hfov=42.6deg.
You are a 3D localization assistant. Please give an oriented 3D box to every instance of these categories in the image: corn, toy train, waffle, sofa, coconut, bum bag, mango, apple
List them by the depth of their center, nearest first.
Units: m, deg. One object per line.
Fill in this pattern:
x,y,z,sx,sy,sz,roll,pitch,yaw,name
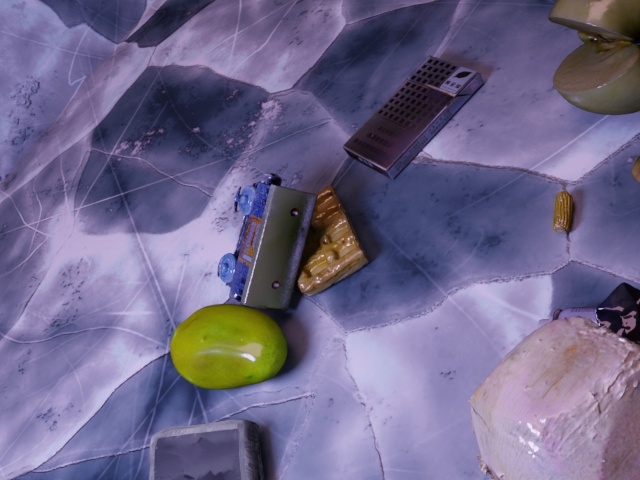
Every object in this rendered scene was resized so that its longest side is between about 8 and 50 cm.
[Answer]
0.362,0.278,1.175,0.254,0.297,0.297,-44,41,-16,coconut
0.558,0.172,1.226,0.310,0.074,0.137,22,79,21,bum bag
0.465,-0.052,1.574,0.037,0.037,0.092,-6,50,32,corn
-0.216,0.475,1.577,0.226,0.176,0.210,-7,44,-7,sofa
0.579,-0.390,1.607,0.292,0.292,0.254,-36,18,4,apple
-0.187,0.220,1.728,0.273,0.149,0.185,-8,43,24,mango
-0.118,0.004,1.810,0.202,0.131,0.299,22,99,57,toy train
0.000,0.000,1.852,0.168,0.057,0.274,-33,41,8,waffle

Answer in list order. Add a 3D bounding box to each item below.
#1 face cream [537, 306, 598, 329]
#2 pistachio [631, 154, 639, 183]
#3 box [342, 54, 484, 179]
0.478,0.146,1.362,0.229,0.075,0.075,-5,52,34,face cream
0.653,-0.139,1.473,0.189,0.100,0.110,-30,64,-4,pistachio
0.219,-0.299,1.965,0.325,0.047,0.180,-47,42,-7,box

####################

Give every record again without changing a word. Exclude the pictures.

Solution to this exercise:
hfov=42.6deg.
You are a 3D localization assistant. Please give an oriented 3D box to every instance of these categories in the image: corn, toy train, waffle, sofa, coconut, bum bag, mango, apple
List them by the depth of their center, nearest first.
Units: m, deg. One object per line.
Fill in this pattern:
x,y,z,sx,sy,sz,roll,pitch,yaw,name
Every object in this rendered scene was resized so that its longest side is between about 8 and 50 cm.
[Answer]
0.362,0.278,1.175,0.254,0.297,0.297,-44,41,-16,coconut
0.558,0.172,1.226,0.310,0.074,0.137,22,79,21,bum bag
0.465,-0.052,1.574,0.037,0.037,0.092,-6,50,32,corn
-0.216,0.475,1.577,0.226,0.176,0.210,-7,44,-7,sofa
0.579,-0.390,1.607,0.292,0.292,0.254,-36,18,4,apple
-0.187,0.220,1.728,0.273,0.149,0.185,-8,43,24,mango
-0.118,0.004,1.810,0.202,0.131,0.299,22,99,57,toy train
0.000,0.000,1.852,0.168,0.057,0.274,-33,41,8,waffle

Answer in list order. Add a 3D bounding box to each item below.
#1 face cream [537, 306, 598, 329]
#2 pistachio [631, 154, 639, 183]
#3 box [342, 54, 484, 179]
0.478,0.146,1.362,0.229,0.075,0.075,-5,52,34,face cream
0.653,-0.139,1.473,0.189,0.100,0.110,-30,64,-4,pistachio
0.219,-0.299,1.965,0.325,0.047,0.180,-47,42,-7,box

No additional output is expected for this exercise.